Erneut keine Kündigungswelle beim D-Ticket
Genau ein Jahr nach der ersten Preiserhöhung wurde das Deutschland-Ticket zum 1. Januar 2026 erneut teurer. Die aktuelle Erhöhung von 58 auf jetzt 63 Euro pro Monat hat nach Angaben der Branche auch diesmal nicht zu einer Kündigungswelle geführt. Während die Kündigungsquote nach der Preiserhöhung 2025 bei rund 8 % lag, liegt sie mit aktuell 5,75 % deutlich unter dem Vorjahreswert. „Wir sehen auch in diesem Jahr eindeutig keine Kündigungswelle durch die Preiserhöhung beim Deutschland-Ticket“, so VDV-Präsident Wortmann. Das sei gut und wichtig für die nach wie vor durch sinkende Ticketpreise angespannte Einnahme-Situation der Branche. Wortmann weiter: „Es muss uns künftig gemeinsam mit Bund und Ländern gelingen, Stabilität bei der Gesamt-Finanzierung des Deutschland-Tickets zu gewährleisten, damit wir die weiteren Potenziale dieses Angebots heben können. Dazu braucht es insgesamt eine auskömmliche Finanzierung aus den öffentlichen Haushalten, den bereits zwischen den Verkehrsministern vereinbarten Preisindex und die Weiterentwicklung einer bundesweiten, fairen Einnahme-Aufteilung.“ Insgesamt nutzten zum Jahresende 2025 rund 14,6 Mio. Menschen das D-Ticket. 74 % davon waren Standard D-Tickets, 15 % Jobtickets und 11 % Semestertickets.

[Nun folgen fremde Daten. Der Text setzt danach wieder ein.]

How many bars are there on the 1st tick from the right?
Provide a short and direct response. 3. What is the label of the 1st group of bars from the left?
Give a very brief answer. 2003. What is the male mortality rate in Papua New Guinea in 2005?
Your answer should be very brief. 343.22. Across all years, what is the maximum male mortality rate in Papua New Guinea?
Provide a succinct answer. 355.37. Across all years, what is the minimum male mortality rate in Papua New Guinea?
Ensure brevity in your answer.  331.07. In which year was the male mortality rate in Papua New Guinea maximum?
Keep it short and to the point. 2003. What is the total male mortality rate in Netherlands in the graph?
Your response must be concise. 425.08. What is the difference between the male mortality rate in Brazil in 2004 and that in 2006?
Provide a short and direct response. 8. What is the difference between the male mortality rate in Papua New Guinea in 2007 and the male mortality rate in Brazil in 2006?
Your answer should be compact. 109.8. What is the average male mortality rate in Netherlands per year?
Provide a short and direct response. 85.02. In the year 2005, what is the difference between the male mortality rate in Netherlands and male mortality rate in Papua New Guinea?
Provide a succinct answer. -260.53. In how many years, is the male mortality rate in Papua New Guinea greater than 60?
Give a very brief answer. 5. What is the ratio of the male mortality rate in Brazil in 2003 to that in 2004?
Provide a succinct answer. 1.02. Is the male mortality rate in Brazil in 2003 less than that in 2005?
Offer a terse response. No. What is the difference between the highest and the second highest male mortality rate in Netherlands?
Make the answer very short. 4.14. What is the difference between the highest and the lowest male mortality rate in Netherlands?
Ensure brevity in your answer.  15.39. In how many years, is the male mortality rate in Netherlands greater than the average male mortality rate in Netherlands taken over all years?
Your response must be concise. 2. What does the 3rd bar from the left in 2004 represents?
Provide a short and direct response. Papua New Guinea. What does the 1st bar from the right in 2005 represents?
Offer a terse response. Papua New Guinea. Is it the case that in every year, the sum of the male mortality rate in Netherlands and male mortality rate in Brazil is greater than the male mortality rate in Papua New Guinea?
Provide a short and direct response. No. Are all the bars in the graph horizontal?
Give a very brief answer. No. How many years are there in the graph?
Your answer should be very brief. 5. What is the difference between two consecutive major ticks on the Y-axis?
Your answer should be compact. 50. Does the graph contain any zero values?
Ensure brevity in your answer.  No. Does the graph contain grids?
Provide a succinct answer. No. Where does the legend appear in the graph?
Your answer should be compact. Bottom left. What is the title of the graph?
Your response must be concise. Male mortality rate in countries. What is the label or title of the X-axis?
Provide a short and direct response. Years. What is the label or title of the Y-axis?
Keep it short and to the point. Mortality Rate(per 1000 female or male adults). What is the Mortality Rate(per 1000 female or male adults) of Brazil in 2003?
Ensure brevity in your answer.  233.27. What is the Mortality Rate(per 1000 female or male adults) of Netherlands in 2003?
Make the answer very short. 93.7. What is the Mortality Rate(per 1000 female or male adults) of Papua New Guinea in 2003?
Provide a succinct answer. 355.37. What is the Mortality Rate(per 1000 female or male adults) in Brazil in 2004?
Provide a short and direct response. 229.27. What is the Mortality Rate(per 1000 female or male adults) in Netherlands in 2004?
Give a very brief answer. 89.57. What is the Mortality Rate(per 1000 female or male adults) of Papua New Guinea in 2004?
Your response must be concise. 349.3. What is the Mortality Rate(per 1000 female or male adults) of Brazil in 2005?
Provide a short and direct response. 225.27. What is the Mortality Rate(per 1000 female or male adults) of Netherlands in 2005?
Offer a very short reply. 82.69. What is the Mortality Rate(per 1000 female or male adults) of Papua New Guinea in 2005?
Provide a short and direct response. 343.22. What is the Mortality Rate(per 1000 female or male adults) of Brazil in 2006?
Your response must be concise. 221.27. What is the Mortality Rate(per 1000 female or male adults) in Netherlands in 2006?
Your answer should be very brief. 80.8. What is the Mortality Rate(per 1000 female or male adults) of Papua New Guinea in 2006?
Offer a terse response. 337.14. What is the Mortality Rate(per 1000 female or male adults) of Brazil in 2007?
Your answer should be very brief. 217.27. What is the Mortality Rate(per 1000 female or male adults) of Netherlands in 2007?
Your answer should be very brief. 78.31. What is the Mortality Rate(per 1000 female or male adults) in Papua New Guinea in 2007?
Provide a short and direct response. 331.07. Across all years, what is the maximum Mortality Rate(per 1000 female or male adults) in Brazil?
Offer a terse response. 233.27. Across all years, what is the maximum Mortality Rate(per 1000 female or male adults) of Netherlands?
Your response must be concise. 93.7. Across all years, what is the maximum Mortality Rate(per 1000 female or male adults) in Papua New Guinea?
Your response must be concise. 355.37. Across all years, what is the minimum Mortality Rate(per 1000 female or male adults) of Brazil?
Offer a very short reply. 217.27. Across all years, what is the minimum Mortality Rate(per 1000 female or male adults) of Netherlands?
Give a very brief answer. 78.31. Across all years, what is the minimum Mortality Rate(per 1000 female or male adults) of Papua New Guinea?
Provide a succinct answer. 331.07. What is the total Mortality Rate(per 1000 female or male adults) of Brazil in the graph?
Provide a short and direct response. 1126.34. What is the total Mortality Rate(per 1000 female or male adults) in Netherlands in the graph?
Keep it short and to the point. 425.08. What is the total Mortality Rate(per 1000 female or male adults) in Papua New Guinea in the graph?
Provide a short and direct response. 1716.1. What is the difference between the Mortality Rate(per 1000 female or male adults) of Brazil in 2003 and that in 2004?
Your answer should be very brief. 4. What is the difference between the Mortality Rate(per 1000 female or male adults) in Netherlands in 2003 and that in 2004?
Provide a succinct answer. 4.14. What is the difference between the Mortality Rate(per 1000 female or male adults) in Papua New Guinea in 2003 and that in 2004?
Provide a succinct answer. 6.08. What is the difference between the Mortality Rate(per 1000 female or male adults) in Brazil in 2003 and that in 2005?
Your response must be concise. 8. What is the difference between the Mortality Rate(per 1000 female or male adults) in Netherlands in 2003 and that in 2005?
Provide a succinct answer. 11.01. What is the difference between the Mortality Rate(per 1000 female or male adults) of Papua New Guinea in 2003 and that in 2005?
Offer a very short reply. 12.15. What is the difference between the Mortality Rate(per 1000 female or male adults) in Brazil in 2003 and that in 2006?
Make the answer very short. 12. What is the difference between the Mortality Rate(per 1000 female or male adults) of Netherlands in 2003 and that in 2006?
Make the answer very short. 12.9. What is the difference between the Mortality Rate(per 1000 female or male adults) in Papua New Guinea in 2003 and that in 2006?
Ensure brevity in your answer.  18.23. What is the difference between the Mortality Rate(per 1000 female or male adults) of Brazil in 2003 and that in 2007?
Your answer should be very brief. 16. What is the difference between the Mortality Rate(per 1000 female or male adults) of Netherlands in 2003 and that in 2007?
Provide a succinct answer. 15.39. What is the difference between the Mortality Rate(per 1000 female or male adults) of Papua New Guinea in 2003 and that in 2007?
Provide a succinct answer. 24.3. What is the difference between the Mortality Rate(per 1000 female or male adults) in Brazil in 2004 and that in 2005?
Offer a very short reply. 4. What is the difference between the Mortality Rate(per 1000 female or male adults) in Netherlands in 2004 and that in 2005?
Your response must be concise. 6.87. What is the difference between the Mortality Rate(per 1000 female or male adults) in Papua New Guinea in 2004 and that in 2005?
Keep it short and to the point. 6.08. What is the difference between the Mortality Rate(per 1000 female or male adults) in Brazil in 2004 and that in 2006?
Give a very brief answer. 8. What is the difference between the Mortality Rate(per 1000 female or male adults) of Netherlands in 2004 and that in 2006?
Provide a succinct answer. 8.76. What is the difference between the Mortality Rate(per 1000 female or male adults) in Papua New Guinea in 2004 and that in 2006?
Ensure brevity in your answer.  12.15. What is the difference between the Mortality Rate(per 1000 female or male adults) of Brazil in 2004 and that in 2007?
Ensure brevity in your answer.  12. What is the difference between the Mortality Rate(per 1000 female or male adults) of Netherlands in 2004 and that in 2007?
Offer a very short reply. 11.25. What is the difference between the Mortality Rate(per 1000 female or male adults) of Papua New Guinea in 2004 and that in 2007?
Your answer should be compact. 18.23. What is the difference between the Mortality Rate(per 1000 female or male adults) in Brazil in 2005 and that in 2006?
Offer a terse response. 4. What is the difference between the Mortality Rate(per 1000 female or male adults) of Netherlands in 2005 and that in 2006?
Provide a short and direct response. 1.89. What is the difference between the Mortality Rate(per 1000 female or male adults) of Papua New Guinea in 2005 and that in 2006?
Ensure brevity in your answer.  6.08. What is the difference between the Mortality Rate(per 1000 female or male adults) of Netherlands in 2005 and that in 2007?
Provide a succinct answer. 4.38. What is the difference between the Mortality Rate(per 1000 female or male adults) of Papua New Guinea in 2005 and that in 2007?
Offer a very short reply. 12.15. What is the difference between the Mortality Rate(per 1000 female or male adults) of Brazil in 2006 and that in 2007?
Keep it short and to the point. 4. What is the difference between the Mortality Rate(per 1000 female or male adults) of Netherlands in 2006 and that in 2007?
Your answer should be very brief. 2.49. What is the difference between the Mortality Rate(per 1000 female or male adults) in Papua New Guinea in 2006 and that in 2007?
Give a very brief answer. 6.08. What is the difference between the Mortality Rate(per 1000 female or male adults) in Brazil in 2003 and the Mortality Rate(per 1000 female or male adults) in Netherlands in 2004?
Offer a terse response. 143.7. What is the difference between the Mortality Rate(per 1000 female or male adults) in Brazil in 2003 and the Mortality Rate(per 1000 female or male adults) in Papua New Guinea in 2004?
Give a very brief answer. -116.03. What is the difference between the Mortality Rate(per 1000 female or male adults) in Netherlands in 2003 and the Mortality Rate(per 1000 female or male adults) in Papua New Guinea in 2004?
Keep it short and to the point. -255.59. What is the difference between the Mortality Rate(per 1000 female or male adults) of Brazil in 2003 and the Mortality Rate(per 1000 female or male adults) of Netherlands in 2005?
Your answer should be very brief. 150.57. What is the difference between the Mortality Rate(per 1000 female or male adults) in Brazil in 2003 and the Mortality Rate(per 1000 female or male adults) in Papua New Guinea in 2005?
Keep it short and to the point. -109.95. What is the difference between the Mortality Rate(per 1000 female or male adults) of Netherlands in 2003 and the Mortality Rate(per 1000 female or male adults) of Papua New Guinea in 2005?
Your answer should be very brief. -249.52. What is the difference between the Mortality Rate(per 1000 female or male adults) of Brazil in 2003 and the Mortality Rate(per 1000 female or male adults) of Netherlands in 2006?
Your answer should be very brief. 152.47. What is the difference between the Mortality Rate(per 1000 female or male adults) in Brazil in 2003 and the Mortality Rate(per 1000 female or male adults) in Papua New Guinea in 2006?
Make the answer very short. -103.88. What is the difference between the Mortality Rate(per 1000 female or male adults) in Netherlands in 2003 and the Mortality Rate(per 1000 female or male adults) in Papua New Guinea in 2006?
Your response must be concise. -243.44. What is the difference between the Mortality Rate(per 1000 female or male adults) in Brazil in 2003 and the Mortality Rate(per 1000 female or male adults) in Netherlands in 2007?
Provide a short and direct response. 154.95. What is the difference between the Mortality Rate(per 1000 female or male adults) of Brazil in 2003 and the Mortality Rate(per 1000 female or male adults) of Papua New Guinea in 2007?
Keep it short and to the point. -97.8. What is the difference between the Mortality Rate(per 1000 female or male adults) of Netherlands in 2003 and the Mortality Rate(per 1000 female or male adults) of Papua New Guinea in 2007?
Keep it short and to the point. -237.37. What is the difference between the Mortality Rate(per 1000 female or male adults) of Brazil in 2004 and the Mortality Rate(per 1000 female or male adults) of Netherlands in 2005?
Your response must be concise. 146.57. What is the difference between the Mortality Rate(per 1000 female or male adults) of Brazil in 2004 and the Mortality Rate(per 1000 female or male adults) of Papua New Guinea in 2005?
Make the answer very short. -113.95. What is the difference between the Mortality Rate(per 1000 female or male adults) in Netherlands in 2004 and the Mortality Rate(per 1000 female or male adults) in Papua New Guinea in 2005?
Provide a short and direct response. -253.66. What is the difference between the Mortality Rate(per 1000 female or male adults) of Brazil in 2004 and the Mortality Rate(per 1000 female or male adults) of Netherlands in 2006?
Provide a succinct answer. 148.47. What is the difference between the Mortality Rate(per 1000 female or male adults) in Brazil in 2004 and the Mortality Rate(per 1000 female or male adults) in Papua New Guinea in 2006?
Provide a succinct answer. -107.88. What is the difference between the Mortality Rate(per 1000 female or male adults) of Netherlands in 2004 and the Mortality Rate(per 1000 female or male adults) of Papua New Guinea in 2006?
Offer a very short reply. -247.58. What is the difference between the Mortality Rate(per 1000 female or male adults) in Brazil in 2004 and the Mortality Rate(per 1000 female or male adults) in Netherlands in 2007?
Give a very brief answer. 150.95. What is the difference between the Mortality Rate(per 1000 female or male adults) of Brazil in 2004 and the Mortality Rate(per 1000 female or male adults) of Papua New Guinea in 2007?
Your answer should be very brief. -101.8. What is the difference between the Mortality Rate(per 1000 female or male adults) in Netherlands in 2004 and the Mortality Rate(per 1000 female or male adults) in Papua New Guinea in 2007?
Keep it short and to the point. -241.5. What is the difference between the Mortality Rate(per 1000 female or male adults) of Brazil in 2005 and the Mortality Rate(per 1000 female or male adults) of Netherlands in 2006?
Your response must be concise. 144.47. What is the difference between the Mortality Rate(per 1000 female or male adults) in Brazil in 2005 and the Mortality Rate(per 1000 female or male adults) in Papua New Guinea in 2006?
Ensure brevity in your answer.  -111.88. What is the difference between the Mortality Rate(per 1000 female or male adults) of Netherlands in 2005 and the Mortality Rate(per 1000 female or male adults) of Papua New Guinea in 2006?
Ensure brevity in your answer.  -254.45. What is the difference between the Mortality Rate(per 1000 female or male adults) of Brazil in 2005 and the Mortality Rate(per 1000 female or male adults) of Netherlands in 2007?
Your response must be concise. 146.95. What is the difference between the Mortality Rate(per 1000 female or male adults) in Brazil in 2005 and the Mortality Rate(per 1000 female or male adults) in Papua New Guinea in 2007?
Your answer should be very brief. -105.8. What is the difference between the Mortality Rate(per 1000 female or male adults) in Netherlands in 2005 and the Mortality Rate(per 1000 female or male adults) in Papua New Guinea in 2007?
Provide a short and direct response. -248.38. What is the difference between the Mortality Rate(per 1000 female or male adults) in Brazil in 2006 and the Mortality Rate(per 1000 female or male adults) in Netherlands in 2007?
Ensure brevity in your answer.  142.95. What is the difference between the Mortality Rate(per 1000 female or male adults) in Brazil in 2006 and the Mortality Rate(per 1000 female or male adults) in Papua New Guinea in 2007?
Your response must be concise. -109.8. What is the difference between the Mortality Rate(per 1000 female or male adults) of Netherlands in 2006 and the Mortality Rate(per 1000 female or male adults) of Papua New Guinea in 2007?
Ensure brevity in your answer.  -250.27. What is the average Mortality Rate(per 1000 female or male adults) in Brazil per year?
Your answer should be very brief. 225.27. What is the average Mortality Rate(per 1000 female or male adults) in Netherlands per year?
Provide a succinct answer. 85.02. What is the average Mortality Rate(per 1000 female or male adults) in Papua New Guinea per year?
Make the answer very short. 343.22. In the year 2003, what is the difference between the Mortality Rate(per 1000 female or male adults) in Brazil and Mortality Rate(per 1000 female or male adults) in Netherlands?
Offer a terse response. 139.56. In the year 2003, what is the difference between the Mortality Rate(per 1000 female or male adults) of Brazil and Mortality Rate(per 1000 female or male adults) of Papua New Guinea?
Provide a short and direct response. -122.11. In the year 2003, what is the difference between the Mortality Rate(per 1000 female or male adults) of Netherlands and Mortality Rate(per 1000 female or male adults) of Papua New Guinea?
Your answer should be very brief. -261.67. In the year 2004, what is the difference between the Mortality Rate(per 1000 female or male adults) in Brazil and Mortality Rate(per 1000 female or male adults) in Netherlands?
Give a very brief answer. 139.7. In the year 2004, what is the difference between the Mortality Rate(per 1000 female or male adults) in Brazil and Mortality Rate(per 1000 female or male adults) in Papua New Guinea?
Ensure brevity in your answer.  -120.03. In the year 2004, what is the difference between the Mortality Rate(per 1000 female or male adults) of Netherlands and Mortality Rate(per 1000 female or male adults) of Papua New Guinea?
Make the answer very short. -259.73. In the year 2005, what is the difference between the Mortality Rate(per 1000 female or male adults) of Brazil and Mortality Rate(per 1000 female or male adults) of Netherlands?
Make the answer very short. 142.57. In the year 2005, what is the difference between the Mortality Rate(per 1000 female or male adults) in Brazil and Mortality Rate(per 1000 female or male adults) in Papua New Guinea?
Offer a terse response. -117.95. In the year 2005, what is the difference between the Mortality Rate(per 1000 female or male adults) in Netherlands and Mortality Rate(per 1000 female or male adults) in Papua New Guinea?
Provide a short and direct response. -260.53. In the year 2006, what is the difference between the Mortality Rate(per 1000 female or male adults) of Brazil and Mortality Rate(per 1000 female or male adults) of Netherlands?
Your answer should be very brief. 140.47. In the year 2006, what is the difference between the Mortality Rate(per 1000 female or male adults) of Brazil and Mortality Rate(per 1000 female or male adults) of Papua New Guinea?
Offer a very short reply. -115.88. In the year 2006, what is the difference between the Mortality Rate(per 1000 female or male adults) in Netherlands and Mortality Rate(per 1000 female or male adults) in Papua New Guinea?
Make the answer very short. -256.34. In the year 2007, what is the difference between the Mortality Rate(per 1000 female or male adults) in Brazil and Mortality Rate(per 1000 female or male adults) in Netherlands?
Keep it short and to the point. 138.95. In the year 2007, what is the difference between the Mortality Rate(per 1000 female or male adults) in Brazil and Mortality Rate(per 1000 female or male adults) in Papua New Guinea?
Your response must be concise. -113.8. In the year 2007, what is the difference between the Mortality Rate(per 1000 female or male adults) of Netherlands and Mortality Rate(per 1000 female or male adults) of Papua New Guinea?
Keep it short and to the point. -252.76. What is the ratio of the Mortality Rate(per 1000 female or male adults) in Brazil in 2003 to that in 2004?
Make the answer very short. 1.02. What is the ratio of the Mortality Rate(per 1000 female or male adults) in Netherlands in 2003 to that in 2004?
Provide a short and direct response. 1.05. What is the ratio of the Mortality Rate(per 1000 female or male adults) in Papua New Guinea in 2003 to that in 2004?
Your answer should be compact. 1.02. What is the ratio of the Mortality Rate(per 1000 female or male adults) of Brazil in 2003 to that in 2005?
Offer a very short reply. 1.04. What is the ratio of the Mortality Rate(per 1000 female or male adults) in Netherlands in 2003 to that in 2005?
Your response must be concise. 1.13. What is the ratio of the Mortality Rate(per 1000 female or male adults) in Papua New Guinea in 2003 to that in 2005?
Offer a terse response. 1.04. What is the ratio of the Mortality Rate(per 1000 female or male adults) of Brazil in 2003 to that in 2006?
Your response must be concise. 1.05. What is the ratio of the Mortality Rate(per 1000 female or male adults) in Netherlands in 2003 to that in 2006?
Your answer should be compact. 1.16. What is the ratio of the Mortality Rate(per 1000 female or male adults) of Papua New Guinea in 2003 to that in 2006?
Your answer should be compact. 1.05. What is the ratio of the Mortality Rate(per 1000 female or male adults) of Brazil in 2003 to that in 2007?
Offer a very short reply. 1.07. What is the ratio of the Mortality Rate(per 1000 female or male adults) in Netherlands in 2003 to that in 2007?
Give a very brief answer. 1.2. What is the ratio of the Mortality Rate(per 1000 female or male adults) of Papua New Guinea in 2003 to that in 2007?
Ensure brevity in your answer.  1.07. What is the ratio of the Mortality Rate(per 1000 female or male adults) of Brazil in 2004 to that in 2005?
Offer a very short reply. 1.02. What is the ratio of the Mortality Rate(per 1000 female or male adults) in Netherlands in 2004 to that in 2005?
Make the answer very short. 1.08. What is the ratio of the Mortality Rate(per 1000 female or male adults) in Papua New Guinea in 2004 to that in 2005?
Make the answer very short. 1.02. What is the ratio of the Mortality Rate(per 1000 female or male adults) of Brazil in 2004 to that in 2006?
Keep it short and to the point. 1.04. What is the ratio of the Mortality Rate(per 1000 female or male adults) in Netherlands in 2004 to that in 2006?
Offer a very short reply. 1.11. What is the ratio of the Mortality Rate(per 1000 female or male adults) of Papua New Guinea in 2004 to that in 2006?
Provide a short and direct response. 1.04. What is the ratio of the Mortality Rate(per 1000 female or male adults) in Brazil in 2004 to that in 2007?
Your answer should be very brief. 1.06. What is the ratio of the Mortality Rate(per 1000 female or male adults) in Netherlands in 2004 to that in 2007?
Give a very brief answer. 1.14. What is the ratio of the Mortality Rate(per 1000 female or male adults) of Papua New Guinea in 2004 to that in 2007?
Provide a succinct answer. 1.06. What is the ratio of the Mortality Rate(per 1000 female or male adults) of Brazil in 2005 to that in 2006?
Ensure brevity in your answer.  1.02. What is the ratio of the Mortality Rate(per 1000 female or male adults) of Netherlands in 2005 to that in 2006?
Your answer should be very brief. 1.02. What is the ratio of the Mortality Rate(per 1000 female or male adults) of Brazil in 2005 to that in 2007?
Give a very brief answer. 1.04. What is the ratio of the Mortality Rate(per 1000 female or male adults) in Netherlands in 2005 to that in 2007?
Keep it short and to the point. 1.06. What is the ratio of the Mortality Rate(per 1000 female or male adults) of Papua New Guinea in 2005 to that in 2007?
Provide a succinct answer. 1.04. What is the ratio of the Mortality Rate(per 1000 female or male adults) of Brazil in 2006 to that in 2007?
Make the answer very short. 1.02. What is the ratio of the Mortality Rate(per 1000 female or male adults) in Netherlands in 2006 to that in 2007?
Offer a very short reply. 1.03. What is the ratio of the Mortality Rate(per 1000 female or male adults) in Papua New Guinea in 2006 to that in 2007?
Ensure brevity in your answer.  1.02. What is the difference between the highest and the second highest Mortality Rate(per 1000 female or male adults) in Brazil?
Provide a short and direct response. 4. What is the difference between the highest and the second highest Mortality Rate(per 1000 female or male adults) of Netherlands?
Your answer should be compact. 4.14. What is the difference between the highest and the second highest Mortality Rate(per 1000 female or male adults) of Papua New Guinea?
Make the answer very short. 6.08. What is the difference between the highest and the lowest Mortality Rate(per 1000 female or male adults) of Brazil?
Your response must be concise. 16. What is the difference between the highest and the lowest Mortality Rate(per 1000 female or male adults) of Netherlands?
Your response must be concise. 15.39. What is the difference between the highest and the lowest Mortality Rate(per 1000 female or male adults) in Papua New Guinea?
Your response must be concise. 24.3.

Personalkosten steigen deutlich, Produktivität sinkt
Auf der Kostenseite waren 2025 vor allem die erneut deutlich steigenden Personalkosten ein wesentlicher Faktor, der die Branche wirtschaftlich weiter unter Druck gesetzt hat. Im Vergleich zu anderen großen Kostenblöcken im ÖPNV, wie etwa Strom und Diesel, die zum Teil nur moderat gestiegen oder gar leicht gesunken sind, sind die Personalkosten innerhalb des letzten Jahres um 5 % deutlich gestiegen. Gleichzeitig, das zeigt eine aktuelle Untersuchung aus der Branche, ist die Produktivität im Fahrdienst, also die Verfügbarkeit der Fahrpersonals, in den vergangenen Jahren stark gesunken. Die Untersuchung führt dies auf „eine Reduzierung von tarifvertraglichen Arbeitszeiten und eine Steigerung der Abwesenheitszeiten“ zurück. „Wir wollen gute Löhne zahlen und für gute Arbeitsbedingungen sorgen“, unterstrich Wortmann. Dies dürfe aber nicht dazu führen, dass die Verfügbarkeit und die Einsatzzeiten immer weiter sinken. Allen Beteiligten müsse – auch im Rahmen von Tarif-Verhandlungen – bewusst sein, dass ein leistungsstarker ÖPNV nur möglich ist, wenn die starke Sozialpartnerschaft zwischen Arbeitnehmern und Arbeitgebern weiterhin aufrecht erhalten bleibt. „In wirtschaftlich sehr angespannten Zeiten der Kommunen und der Branche müssen alle ihren Beitrag dazu leisten, damit der ÖPNV ein guter Arbeitgeber bleibt, wir zugleich aber als Mobilitäts-Dienstleister für unsere Gesellschaft unseren Auftrag bestmöglich erfüllen können“, sagte der VDV-Präsident abschließend.